[Stored entries]
================================

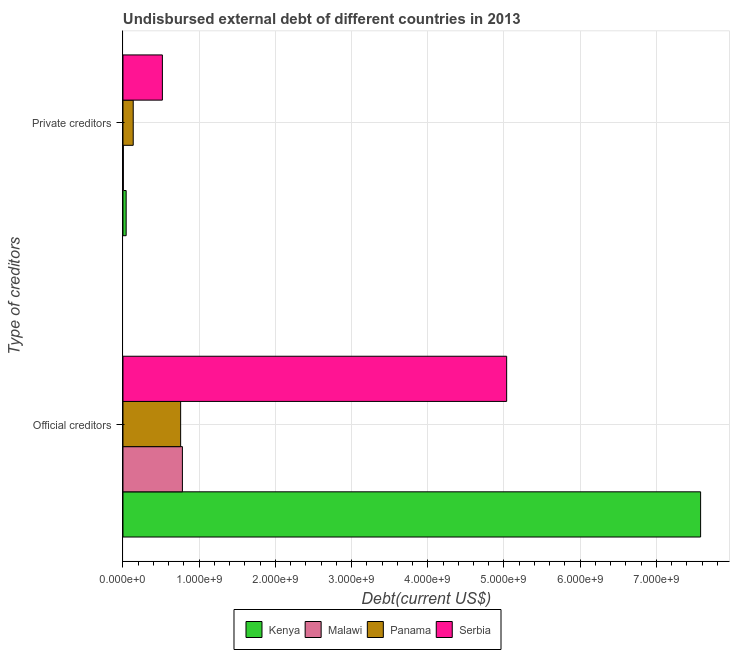How many groups of bars are there?
Your answer should be compact. 2. Are the number of bars per tick equal to the number of legend labels?
Your answer should be very brief. Yes. How many bars are there on the 1st tick from the top?
Offer a terse response. 4. How many bars are there on the 2nd tick from the bottom?
Your answer should be very brief. 4. What is the label of the 2nd group of bars from the top?
Offer a very short reply. Official creditors. What is the undisbursed external debt of official creditors in Malawi?
Keep it short and to the point. 7.80e+08. Across all countries, what is the maximum undisbursed external debt of private creditors?
Ensure brevity in your answer.  5.17e+08. Across all countries, what is the minimum undisbursed external debt of private creditors?
Your response must be concise. 4.51e+06. In which country was the undisbursed external debt of official creditors maximum?
Keep it short and to the point. Kenya. In which country was the undisbursed external debt of official creditors minimum?
Your answer should be compact. Panama. What is the total undisbursed external debt of official creditors in the graph?
Your answer should be very brief. 1.42e+1. What is the difference between the undisbursed external debt of private creditors in Kenya and that in Panama?
Offer a terse response. -9.25e+07. What is the difference between the undisbursed external debt of private creditors in Malawi and the undisbursed external debt of official creditors in Panama?
Provide a succinct answer. -7.52e+08. What is the average undisbursed external debt of private creditors per country?
Keep it short and to the point. 1.74e+08. What is the difference between the undisbursed external debt of private creditors and undisbursed external debt of official creditors in Malawi?
Offer a terse response. -7.75e+08. What is the ratio of the undisbursed external debt of private creditors in Serbia to that in Panama?
Your answer should be very brief. 3.85. What does the 4th bar from the top in Private creditors represents?
Your answer should be very brief. Kenya. What does the 3rd bar from the bottom in Official creditors represents?
Provide a succinct answer. Panama. Are all the bars in the graph horizontal?
Provide a succinct answer. Yes. What is the difference between two consecutive major ticks on the X-axis?
Offer a terse response. 1.00e+09. Are the values on the major ticks of X-axis written in scientific E-notation?
Ensure brevity in your answer.  Yes. Does the graph contain any zero values?
Offer a very short reply. No. Where does the legend appear in the graph?
Provide a succinct answer. Bottom center. What is the title of the graph?
Ensure brevity in your answer.  Undisbursed external debt of different countries in 2013. Does "Moldova" appear as one of the legend labels in the graph?
Your answer should be compact. No. What is the label or title of the X-axis?
Provide a succinct answer. Debt(current US$). What is the label or title of the Y-axis?
Provide a succinct answer. Type of creditors. What is the Debt(current US$) of Kenya in Official creditors?
Make the answer very short. 7.58e+09. What is the Debt(current US$) in Malawi in Official creditors?
Your answer should be very brief. 7.80e+08. What is the Debt(current US$) of Panama in Official creditors?
Ensure brevity in your answer.  7.57e+08. What is the Debt(current US$) of Serbia in Official creditors?
Keep it short and to the point. 5.04e+09. What is the Debt(current US$) of Kenya in Private creditors?
Provide a succinct answer. 4.18e+07. What is the Debt(current US$) in Malawi in Private creditors?
Your answer should be very brief. 4.51e+06. What is the Debt(current US$) of Panama in Private creditors?
Offer a very short reply. 1.34e+08. What is the Debt(current US$) in Serbia in Private creditors?
Provide a succinct answer. 5.17e+08. Across all Type of creditors, what is the maximum Debt(current US$) of Kenya?
Offer a very short reply. 7.58e+09. Across all Type of creditors, what is the maximum Debt(current US$) of Malawi?
Provide a short and direct response. 7.80e+08. Across all Type of creditors, what is the maximum Debt(current US$) of Panama?
Offer a very short reply. 7.57e+08. Across all Type of creditors, what is the maximum Debt(current US$) of Serbia?
Provide a short and direct response. 5.04e+09. Across all Type of creditors, what is the minimum Debt(current US$) of Kenya?
Make the answer very short. 4.18e+07. Across all Type of creditors, what is the minimum Debt(current US$) of Malawi?
Ensure brevity in your answer.  4.51e+06. Across all Type of creditors, what is the minimum Debt(current US$) in Panama?
Provide a succinct answer. 1.34e+08. Across all Type of creditors, what is the minimum Debt(current US$) in Serbia?
Provide a succinct answer. 5.17e+08. What is the total Debt(current US$) of Kenya in the graph?
Your answer should be very brief. 7.62e+09. What is the total Debt(current US$) in Malawi in the graph?
Provide a short and direct response. 7.84e+08. What is the total Debt(current US$) of Panama in the graph?
Your response must be concise. 8.91e+08. What is the total Debt(current US$) of Serbia in the graph?
Your answer should be compact. 5.55e+09. What is the difference between the Debt(current US$) of Kenya in Official creditors and that in Private creditors?
Keep it short and to the point. 7.54e+09. What is the difference between the Debt(current US$) of Malawi in Official creditors and that in Private creditors?
Keep it short and to the point. 7.75e+08. What is the difference between the Debt(current US$) in Panama in Official creditors and that in Private creditors?
Offer a very short reply. 6.22e+08. What is the difference between the Debt(current US$) in Serbia in Official creditors and that in Private creditors?
Keep it short and to the point. 4.52e+09. What is the difference between the Debt(current US$) in Kenya in Official creditors and the Debt(current US$) in Malawi in Private creditors?
Ensure brevity in your answer.  7.58e+09. What is the difference between the Debt(current US$) in Kenya in Official creditors and the Debt(current US$) in Panama in Private creditors?
Provide a succinct answer. 7.45e+09. What is the difference between the Debt(current US$) of Kenya in Official creditors and the Debt(current US$) of Serbia in Private creditors?
Provide a short and direct response. 7.06e+09. What is the difference between the Debt(current US$) of Malawi in Official creditors and the Debt(current US$) of Panama in Private creditors?
Provide a succinct answer. 6.46e+08. What is the difference between the Debt(current US$) in Malawi in Official creditors and the Debt(current US$) in Serbia in Private creditors?
Provide a short and direct response. 2.63e+08. What is the difference between the Debt(current US$) of Panama in Official creditors and the Debt(current US$) of Serbia in Private creditors?
Your answer should be compact. 2.40e+08. What is the average Debt(current US$) in Kenya per Type of creditors?
Your answer should be compact. 3.81e+09. What is the average Debt(current US$) in Malawi per Type of creditors?
Your response must be concise. 3.92e+08. What is the average Debt(current US$) of Panama per Type of creditors?
Provide a short and direct response. 4.46e+08. What is the average Debt(current US$) in Serbia per Type of creditors?
Your response must be concise. 2.78e+09. What is the difference between the Debt(current US$) in Kenya and Debt(current US$) in Malawi in Official creditors?
Provide a short and direct response. 6.80e+09. What is the difference between the Debt(current US$) in Kenya and Debt(current US$) in Panama in Official creditors?
Provide a short and direct response. 6.82e+09. What is the difference between the Debt(current US$) of Kenya and Debt(current US$) of Serbia in Official creditors?
Ensure brevity in your answer.  2.55e+09. What is the difference between the Debt(current US$) in Malawi and Debt(current US$) in Panama in Official creditors?
Keep it short and to the point. 2.31e+07. What is the difference between the Debt(current US$) of Malawi and Debt(current US$) of Serbia in Official creditors?
Ensure brevity in your answer.  -4.26e+09. What is the difference between the Debt(current US$) in Panama and Debt(current US$) in Serbia in Official creditors?
Make the answer very short. -4.28e+09. What is the difference between the Debt(current US$) of Kenya and Debt(current US$) of Malawi in Private creditors?
Offer a terse response. 3.72e+07. What is the difference between the Debt(current US$) in Kenya and Debt(current US$) in Panama in Private creditors?
Ensure brevity in your answer.  -9.25e+07. What is the difference between the Debt(current US$) of Kenya and Debt(current US$) of Serbia in Private creditors?
Give a very brief answer. -4.75e+08. What is the difference between the Debt(current US$) in Malawi and Debt(current US$) in Panama in Private creditors?
Offer a very short reply. -1.30e+08. What is the difference between the Debt(current US$) of Malawi and Debt(current US$) of Serbia in Private creditors?
Your answer should be very brief. -5.13e+08. What is the difference between the Debt(current US$) of Panama and Debt(current US$) of Serbia in Private creditors?
Provide a succinct answer. -3.83e+08. What is the ratio of the Debt(current US$) of Kenya in Official creditors to that in Private creditors?
Keep it short and to the point. 181.55. What is the ratio of the Debt(current US$) of Malawi in Official creditors to that in Private creditors?
Keep it short and to the point. 172.92. What is the ratio of the Debt(current US$) of Panama in Official creditors to that in Private creditors?
Your answer should be compact. 5.64. What is the ratio of the Debt(current US$) in Serbia in Official creditors to that in Private creditors?
Provide a short and direct response. 9.74. What is the difference between the highest and the second highest Debt(current US$) of Kenya?
Your answer should be very brief. 7.54e+09. What is the difference between the highest and the second highest Debt(current US$) in Malawi?
Your answer should be compact. 7.75e+08. What is the difference between the highest and the second highest Debt(current US$) of Panama?
Your answer should be very brief. 6.22e+08. What is the difference between the highest and the second highest Debt(current US$) in Serbia?
Your answer should be compact. 4.52e+09. What is the difference between the highest and the lowest Debt(current US$) of Kenya?
Give a very brief answer. 7.54e+09. What is the difference between the highest and the lowest Debt(current US$) of Malawi?
Keep it short and to the point. 7.75e+08. What is the difference between the highest and the lowest Debt(current US$) of Panama?
Your answer should be compact. 6.22e+08. What is the difference between the highest and the lowest Debt(current US$) of Serbia?
Offer a terse response. 4.52e+09.

================================

- Problem statement -
The range runs from the line above containing "Your answer should be very brief. Kenya." to the line containing "Offer a terse response. 1.00e+09.", inclusive. Restate those lines word for word and no others.

- Exercise response -
Your answer should be very brief. Kenya. What does the 3rd bar from the bottom in Official creditors represents?
Provide a succinct answer. Panama. Are all the bars in the graph horizontal?
Provide a succinct answer. Yes. What is the difference between two consecutive major ticks on the X-axis?
Offer a terse response. 1.00e+09. Are the values on the major ticks of X-axis written in scientific E-notation?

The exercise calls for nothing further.